I'd say for Perl is still indispensable, for nearly anything do with Unix scripting. I will rather use $var =~ s/<find-regex>/<replace-regex>/g on any day than use Python's .compile .match .group and all those tens of API's to do simple tasks what can be achieved in a line of Perl code.

Need of the hour isn't redesigning the CPAN or the packaging system. Its really to educate users as to how Perl can be helpful to them. Its about writing good books, like the Modern Perl Book and make them famous. To give you an idea about how bad the situation is- A good part of everyday OO programmers in the world today, don't even know something like Moose exists. Even if they were to know, there is nothing like a nice pdf friendly manual to tell them how it can be use full to them. Compare this to something like Python or Java where very elaborate manuals exist on how awesome their stuff is.

Also advocacy involves going to programming/tech forums and showing solutions in Perl. To give you an example nearly every thread on Hacker news which has a need for a program gets posted with Python snippets. Compare this with like say the early days of Perl and the 90's where the forums/mailing lists were full of people like Tom Christiansen and others showing solutions in Perl. The 90's were also full of people writing real awesome articles and circulating them on how Perl can solve their problems easily.

Back in the day comp.lang.<insert-some-list-here> existed where people would have golf contest or some sysadmin joined into show how pipe kungfu can be avoided with one line of Perl. These those have been replaced with forums like Stackoverflow.

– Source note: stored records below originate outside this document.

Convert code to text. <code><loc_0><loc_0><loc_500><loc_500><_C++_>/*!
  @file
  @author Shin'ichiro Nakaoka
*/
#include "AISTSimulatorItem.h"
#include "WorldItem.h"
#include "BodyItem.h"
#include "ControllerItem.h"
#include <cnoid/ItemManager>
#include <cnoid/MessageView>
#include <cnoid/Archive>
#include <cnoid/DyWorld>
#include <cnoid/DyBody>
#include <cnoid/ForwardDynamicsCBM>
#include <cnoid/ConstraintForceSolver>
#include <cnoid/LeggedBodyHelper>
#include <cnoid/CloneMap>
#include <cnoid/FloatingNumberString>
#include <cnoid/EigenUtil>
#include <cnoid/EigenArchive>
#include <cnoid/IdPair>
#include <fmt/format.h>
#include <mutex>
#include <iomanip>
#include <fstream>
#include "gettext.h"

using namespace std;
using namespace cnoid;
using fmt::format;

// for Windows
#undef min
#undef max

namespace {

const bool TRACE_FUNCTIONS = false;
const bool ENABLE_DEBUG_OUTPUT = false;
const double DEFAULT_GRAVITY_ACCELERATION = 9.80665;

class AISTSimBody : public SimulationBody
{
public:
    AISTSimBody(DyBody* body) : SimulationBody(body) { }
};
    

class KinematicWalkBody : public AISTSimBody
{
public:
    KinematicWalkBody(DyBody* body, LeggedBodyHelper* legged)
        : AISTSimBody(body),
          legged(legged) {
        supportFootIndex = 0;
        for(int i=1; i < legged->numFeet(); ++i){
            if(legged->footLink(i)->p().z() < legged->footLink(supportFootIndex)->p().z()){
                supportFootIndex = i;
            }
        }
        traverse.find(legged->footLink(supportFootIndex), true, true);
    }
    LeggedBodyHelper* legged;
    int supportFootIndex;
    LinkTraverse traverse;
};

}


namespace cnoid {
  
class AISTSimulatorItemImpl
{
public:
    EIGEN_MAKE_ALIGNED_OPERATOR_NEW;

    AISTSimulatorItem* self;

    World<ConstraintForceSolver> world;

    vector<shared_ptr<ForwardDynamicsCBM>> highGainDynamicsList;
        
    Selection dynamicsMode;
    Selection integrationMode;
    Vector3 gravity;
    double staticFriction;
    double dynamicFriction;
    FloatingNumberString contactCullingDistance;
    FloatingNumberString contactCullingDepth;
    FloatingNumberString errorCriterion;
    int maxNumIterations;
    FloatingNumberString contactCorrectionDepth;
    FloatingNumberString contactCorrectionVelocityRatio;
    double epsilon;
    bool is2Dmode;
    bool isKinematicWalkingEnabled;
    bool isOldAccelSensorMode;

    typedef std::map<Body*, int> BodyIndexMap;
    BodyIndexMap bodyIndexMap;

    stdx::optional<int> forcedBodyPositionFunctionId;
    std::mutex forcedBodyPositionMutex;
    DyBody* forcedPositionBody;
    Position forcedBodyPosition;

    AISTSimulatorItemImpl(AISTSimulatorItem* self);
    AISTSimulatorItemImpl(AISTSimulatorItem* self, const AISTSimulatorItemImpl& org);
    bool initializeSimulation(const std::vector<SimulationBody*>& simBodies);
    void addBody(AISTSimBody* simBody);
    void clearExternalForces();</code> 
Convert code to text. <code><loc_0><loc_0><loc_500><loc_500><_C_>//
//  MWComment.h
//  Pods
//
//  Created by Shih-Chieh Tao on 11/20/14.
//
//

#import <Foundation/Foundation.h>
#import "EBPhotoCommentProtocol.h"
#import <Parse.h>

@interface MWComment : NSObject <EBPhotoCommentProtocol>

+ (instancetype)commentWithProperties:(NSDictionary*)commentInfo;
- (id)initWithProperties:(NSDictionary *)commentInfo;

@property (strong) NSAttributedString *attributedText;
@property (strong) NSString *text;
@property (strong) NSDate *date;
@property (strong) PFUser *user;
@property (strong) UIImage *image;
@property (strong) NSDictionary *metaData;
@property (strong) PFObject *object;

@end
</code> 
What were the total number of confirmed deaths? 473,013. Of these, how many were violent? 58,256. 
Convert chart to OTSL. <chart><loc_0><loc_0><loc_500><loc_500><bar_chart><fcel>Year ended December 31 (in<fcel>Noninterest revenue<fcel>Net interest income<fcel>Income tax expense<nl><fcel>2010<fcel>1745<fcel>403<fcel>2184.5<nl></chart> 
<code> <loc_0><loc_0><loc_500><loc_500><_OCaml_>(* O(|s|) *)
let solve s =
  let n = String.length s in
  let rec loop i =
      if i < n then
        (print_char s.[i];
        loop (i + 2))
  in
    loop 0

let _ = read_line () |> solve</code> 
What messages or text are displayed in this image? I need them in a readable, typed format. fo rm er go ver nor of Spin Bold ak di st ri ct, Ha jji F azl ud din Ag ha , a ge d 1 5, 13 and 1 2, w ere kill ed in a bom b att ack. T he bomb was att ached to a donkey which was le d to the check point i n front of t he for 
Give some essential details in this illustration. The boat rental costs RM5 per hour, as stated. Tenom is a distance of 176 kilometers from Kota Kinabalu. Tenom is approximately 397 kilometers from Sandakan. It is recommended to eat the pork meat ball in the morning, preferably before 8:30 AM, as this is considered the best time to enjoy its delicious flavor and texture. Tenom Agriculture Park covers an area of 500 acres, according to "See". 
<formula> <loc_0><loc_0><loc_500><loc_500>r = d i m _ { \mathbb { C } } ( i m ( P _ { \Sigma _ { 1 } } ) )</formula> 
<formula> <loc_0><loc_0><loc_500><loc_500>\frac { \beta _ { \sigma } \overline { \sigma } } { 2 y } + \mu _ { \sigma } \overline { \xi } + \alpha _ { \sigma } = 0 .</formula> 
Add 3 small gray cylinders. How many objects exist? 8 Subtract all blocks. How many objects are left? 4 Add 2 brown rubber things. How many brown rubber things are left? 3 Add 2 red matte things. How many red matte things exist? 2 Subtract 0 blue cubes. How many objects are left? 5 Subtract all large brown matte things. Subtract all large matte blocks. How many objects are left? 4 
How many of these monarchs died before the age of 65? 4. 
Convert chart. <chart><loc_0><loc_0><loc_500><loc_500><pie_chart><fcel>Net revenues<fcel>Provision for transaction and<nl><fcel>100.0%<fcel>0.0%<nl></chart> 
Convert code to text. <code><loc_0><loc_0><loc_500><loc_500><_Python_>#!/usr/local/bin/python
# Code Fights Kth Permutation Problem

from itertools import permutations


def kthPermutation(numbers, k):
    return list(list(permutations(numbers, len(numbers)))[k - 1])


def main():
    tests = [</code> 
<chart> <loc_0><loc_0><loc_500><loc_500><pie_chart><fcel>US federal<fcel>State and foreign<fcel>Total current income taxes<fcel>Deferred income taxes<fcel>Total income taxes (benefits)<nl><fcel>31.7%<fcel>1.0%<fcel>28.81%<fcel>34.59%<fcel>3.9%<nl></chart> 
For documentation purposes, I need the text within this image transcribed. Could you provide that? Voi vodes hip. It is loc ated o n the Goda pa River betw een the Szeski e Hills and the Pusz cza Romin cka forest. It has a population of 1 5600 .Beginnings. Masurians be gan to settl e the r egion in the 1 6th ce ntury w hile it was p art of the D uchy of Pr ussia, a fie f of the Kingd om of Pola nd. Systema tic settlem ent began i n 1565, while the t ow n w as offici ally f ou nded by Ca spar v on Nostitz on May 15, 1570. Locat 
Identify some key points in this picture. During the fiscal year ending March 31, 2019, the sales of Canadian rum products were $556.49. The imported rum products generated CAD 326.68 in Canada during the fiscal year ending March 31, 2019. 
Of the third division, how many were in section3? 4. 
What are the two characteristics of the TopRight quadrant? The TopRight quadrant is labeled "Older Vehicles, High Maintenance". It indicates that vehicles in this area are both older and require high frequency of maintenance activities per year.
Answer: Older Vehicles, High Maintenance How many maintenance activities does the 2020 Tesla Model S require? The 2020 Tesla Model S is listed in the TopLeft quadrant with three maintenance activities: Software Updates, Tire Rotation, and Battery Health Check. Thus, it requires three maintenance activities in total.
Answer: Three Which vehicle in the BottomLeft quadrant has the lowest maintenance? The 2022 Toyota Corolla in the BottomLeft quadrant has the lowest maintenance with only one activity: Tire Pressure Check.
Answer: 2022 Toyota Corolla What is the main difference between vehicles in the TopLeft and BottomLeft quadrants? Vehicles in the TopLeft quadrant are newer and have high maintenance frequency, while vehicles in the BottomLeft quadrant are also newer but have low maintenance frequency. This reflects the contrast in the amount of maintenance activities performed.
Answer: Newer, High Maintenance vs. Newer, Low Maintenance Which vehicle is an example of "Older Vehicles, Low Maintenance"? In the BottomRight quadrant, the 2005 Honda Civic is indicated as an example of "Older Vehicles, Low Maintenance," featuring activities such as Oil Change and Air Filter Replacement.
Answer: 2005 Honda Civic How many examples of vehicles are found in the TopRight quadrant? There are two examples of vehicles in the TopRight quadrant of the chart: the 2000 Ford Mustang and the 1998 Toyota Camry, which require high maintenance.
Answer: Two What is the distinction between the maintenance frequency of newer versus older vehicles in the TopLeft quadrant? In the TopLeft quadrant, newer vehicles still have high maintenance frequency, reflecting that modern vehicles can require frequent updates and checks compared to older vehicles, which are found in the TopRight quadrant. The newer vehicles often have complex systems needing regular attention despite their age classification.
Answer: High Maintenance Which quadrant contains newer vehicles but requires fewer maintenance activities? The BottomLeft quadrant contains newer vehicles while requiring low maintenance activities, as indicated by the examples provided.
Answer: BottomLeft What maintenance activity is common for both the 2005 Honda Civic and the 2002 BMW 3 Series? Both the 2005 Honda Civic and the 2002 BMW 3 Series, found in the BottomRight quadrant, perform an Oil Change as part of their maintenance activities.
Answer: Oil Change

Also CPAN is a killer feature, but unfortunately even if you are awesome people get used it and sooner or later it no longer remains awesome. Its like eating an apple everyday, first it feels very good then - slowly it becomes boring. Its called 'law of diminishing utility'. Python was first all about 'Readeability matters' but now they have moved to stuff like Twisted, Django. Those are the new killer apps. The thing is Killer apps themselves don't remain constant.

Lastly Perl 6 needs to come out soon.

Languages like Python and Ruby can today run on multiple VM's, they have lesser technical debt and backwards incompatible problems than Perl.

Beyond all this Perl 6 problem is something like promising kid an Ice Cream and then going back on the promise. It creates a lot of disappointment within the community.